Üzerinde anlaşılmış ve içe sinmiş bir anayasa yapamamış olmak, bir devlet için varlık sorunudur. Hayır, konuyu anlamsız bir güvenlikleştirme üzerinden geliştirip, “o zaman güçlü devlet olmalı” türü bir mesaj falan verme niyetim yok. Bilakis, yazının başında ele aldığım devlet tanımına gönderme yapıyorum; devlet toplumun örgütlenmiş halidir. Ama bu normal toplumlar için geçerli. Eğer sosyolojiniz toplum değil, paralel toplumcuklar ürettiyse, çatı bir devlet ve onun birleştirici bir anayasası üzerinden ortak gelecek ve ortak erek tespit ederek mutlu-mesut yaşamak mümkün olmuyor.

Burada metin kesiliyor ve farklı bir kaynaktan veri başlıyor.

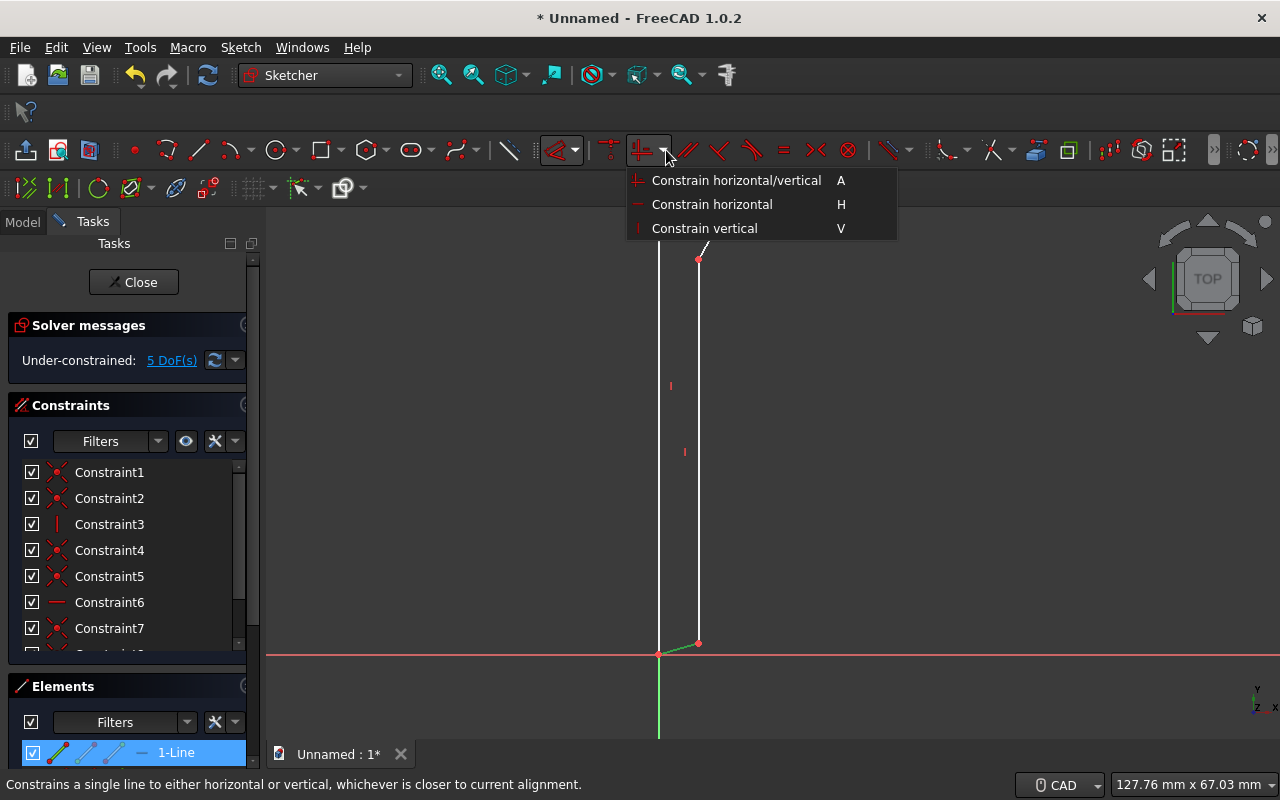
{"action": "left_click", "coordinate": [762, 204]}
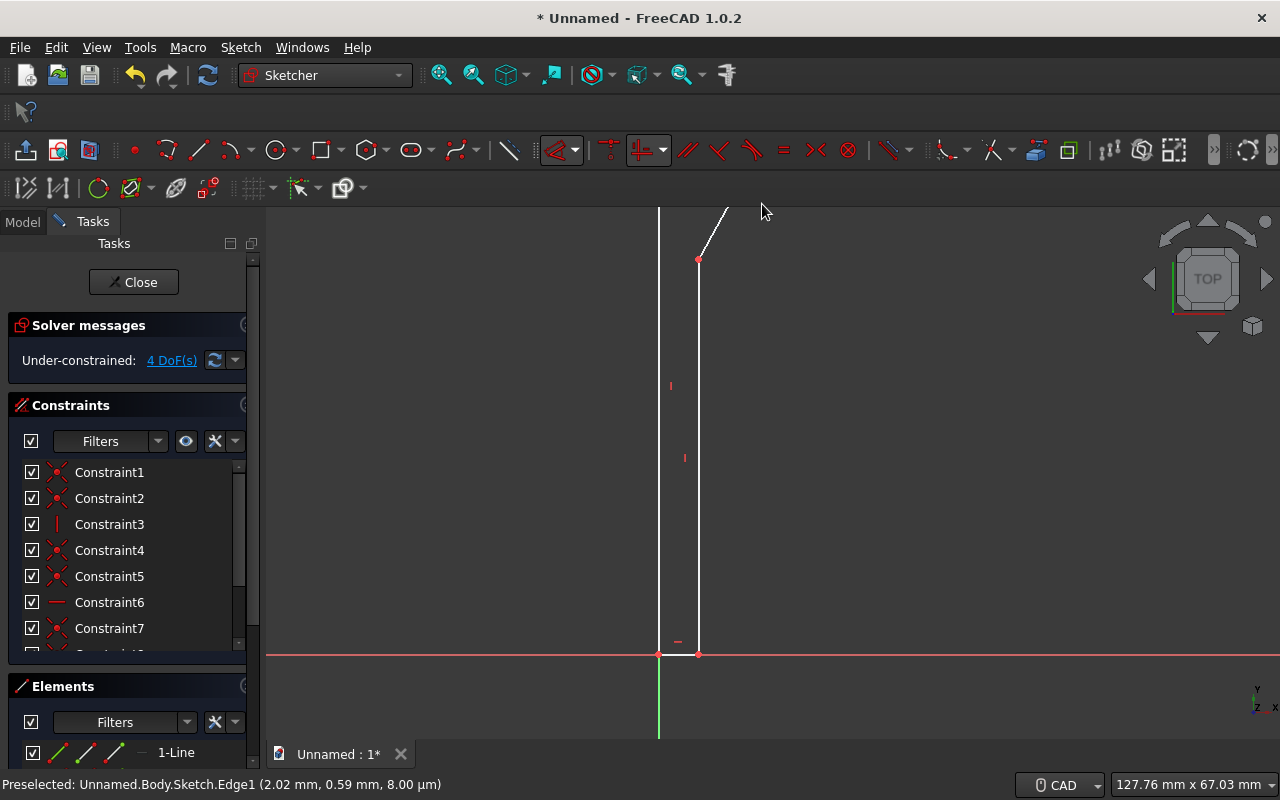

Santrifüje girmiş bu tür sosyolojilerde onarıcı, birleştirici, müşfik devlet denemeleri ve onların civic coğrafi kimliğe dayalı “yeni ortak kimlik üretme” denemelerinin daha fazla şansım oluyor. Türkiye bu şansı 1920’den 1923’e giden süreçte kaçırdı. 23 Nisan bunu bize hatırlatıyor ve tarihin ziyaret edilmemiş, konfor bozucu tozlu raflarından hepimize “Benden ders alın” diye fısıldıyor.
Yönsüz devlet, yönsüz toplumların kaderidir.